A "CSV" data file means "Comma Separated Values", and is a format that most spreadsheet programs can write. Each line of a CSV file corresponds to a row in a spreadsheet, where the values from each row are written with a comma to separate them. For example:
Spreadsheet | |||
---|---|---|---|
3.0 | 7.3 | 0.5 | star |
4.0 | 9.1 | 1.1 | box |
5.0 | -3.7 | 0.2 | triangle |
In a CSV file this would look like:
3.0,7.3,0.5,star 4.0,9.1,1.1,box 5.0,-3.7,0.2,triangle
In Excel, you can write a CSV file by selecting "File" "Save as..." and picking "Save as Type" CSV.

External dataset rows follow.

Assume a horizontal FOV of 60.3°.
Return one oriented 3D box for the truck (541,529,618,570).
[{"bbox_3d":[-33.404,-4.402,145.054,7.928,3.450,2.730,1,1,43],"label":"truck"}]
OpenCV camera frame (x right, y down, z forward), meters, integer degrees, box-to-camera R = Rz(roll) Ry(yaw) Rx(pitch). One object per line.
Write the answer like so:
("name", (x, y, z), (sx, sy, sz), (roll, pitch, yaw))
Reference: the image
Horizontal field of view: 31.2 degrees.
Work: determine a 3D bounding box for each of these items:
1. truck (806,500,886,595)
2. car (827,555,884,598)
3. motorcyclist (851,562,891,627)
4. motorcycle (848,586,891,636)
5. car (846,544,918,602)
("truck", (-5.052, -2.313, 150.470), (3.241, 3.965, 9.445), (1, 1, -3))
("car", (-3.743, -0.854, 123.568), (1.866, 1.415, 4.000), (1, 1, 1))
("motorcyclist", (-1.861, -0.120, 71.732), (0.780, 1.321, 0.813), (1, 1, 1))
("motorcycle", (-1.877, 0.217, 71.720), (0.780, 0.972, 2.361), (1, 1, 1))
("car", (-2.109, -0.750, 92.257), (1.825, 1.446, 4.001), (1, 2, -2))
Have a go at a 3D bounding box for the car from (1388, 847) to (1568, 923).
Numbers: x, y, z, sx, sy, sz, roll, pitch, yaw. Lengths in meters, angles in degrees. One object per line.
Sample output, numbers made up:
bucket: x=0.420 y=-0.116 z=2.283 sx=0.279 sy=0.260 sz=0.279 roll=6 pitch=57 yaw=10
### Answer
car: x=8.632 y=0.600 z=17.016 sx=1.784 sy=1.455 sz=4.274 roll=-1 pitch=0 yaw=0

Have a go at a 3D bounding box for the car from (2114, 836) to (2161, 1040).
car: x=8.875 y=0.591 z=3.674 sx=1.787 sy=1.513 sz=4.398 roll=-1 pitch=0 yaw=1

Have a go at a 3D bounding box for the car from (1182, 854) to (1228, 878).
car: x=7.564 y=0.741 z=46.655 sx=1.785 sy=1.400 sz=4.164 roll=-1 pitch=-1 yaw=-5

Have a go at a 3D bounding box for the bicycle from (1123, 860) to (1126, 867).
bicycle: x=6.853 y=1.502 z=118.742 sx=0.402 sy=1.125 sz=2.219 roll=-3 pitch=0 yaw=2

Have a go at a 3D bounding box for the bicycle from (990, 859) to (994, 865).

Each line of the CSV file is parsed to extract the first four values, which are assumed to be an X, a Y, the error on Y, and a symbol name. (If the symbol name is missing or invalid, the default is used). NOTE: if you are doing linear fitting/graphing without error bars, then omit the third column of numbers (the errors on Y).
The overall parsing is not terribly strict: values separated by spaces, tabs commas, or semicolons will all be accepted, and any enclosing quotes are stripped. Extra space (or bare separators) at the beginning of lines is removed, and any fields beyond the first four are ignored.
The numbers do have to be in a valid format, and any lines that have parsing errors are silently discarded. In addition, if you have log scales for the X- or Y-axes, any negative values for those variables will cause that particular line to be silently discarded. And because this CGI does a fit with errors, any error values that are zero or negative are invalid and cause the line to be discarded.
SD.DESD
Where S is an (optional) sign (+ or -), D is one or more digits. The mantissa (the D.D part) can be missing leading or trailing digits but not both. The following forms are valid: D.D, D., .D, D
The exponent part (ESD) is optional, and the E can be either upper or lower case.